Ab dem Jahre 1888 gab es einerseits die professionellen Fotografen mit Ateliereinrichtungen und großformatigen Plattenkameras und dann gab es unzählige \"Knipser\" mit Box-Kameras und Rollfilmen, die begannen, Erinnerungsfotos zu schießen.
In dieser Zeit begann man auch, sich mit wirklichkeitsnahen und dokumentarischen Schilderungen des Lebens der unteren und untersten Gesellschaftsschichte zu beschäftigen. Mit Hilfe der Fotografie konnte man Menschen, Szenen, Verhältnisse vorführen, zu denen sonst kaum Kontakt bestehen würde. Eine einzige Fotografie kann mehr erschüttern als Bände einer Sittenbeschreibung. Der Realismus der Jahrhundertwende öffnet vielen auch die Augen: Bilddokumente bestätigten nämlich das bisher nicht-für-möglich-gehaltene, die Fotografie klagte an und forderte Veränderung.
Es gab keinen Platz mehr für die romantisierende Stimmung der Kunstfotografie. Einige wollten kein Weichzeichnen und keine durch Unschärfe erzeugten träumerischen verschleierten Bilder. Man wollte optische Bildschärfe.
Der Däne Jakob Rijs begann in den USA mit dokumentarischen Schilderungen über menschenunwürdige Verhältnisse, unter denen die Einwanderer in New York lebten.

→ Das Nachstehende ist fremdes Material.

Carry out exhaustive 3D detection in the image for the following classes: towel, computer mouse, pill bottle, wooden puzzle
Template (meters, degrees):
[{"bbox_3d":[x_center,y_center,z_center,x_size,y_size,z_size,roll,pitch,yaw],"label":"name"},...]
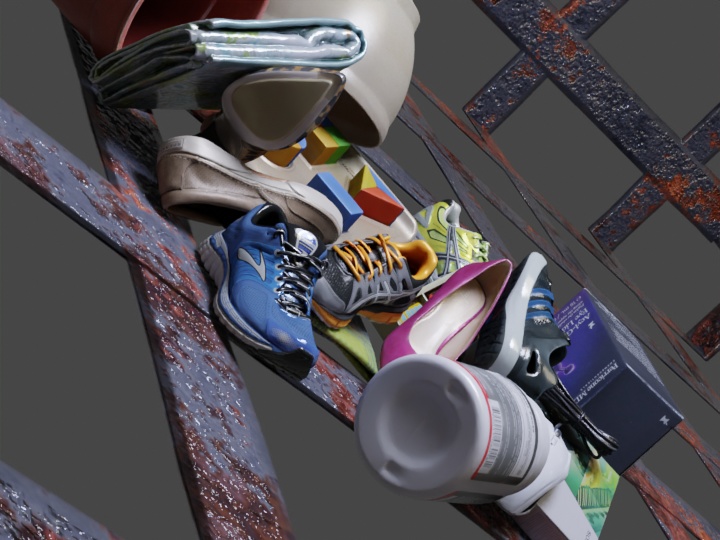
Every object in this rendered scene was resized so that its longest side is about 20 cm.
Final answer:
[{"bbox_3d":[-0.118,-0.183,1.520,0.199,0.170,0.049,-4,84,-44],"label":"towel"},{"bbox_3d":[-0.051,0.012,1.577,0.143,0.023,0.200,40,14,-36],"label":"towel"},{"bbox_3d":[0.172,0.161,1.579,0.110,0.044,0.200,53,33,-1],"label":"computer mouse"},{"bbox_3d":[0.082,0.135,1.415,0.114,0.114,0.200,51,12,22],"label":"pill bottle"},{"bbox_3d":[-0.040,-0.095,1.668,0.186,0.046,0.200,50,29,13],"label":"wooden puzzle"}]

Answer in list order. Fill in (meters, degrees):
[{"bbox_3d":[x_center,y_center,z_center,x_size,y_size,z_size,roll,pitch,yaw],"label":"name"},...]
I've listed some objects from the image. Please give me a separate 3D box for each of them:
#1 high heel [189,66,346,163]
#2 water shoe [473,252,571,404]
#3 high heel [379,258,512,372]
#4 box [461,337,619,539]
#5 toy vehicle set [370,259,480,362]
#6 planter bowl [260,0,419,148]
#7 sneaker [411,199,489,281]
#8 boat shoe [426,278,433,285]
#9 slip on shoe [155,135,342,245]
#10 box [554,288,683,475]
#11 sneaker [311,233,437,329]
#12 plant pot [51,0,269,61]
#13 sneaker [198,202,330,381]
[{"bbox_3d":[-0.070,-0.143,1.511,0.142,0.199,0.072,-29,95,-58],"label":"high heel"},{"bbox_3d":[0.160,0.060,1.634,0.079,0.072,0.200,37,34,-7],"label":"water shoe"},{"bbox_3d":[0.083,0.056,1.579,0.067,0.096,0.200,50,31,-4],"label":"high heel"},{"bbox_3d":[0.158,0.172,1.623,0.200,0.036,0.145,48,33,-9],"label":"box"},{"bbox_3d":[0.098,0.069,1.704,0.125,0.026,0.200,57,32,5],"label":"toy vehicle set"},{"bbox_3d":[-0.023,-0.240,1.764,0.199,0.135,0.200,34,-12,8],"label":"planter bowl"},{"bbox_3d":[0.112,-0.001,1.892,0.075,0.076,0.201,30,22,-55],"label":"sneaker"},{"bbox_3d":[0.026,-0.006,1.780,0.201,0.072,0.068,58,22,10],"label":"boat shoe"},{"bbox_3d":[-0.095,-0.051,1.483,0.199,0.076,0.061,29,54,-43],"label":"slip on shoe"},{"bbox_3d":[0.258,0.139,1.947,0.104,0.148,0.200,41,12,-22],"label":"box"},{"bbox_3d":[0.000,0.000,1.533,0.079,0.077,0.200,54,23,17],"label":"sneaker"},{"bbox_3d":[-0.217,-0.293,1.621,0.195,0.201,0.200,43,10,21],"label":"plant pot"},{"bbox_3d":[-0.069,0.007,1.359,0.078,0.089,0.200,37,16,-36],"label":"sneaker"}]
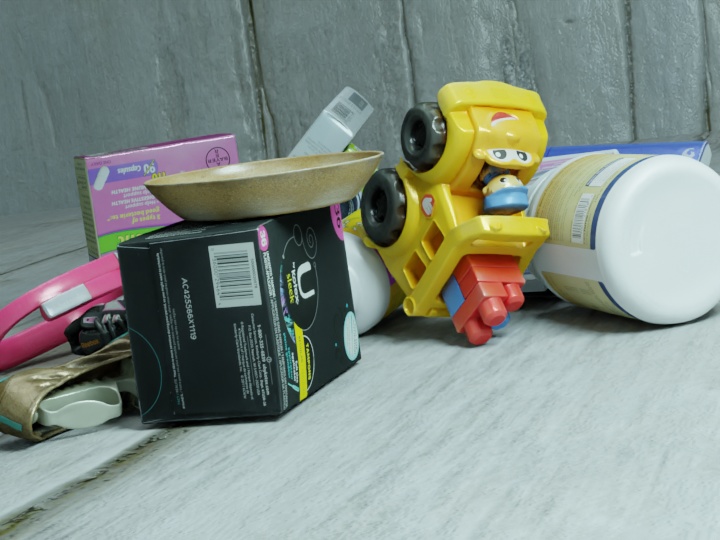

Lewis Wickes Hine begann sachlich und klar über Arbeits- und Lebensbedingungen der Fabrikarbeiter in amerikanischen Vorstädten zu schildern. Seine Anklagen galten vor allem der Kinderarbeit unter den unwürdigsten Verhältnissen in Fabriken, selbst in Bergwerken, und es ist erwiesen, daß seine Dokumentation, die er selbst \"photo-interpretations\" nannte, wesentlich zur Änderung dieser Verhältnisse beitrugen.
Man sieht, daß die Fotografie immer stärker ihre eigene kreative Fähigkeit, die Vielfalt der Möglichkeiten und auch ihre Hintergründe zu entdecken begann.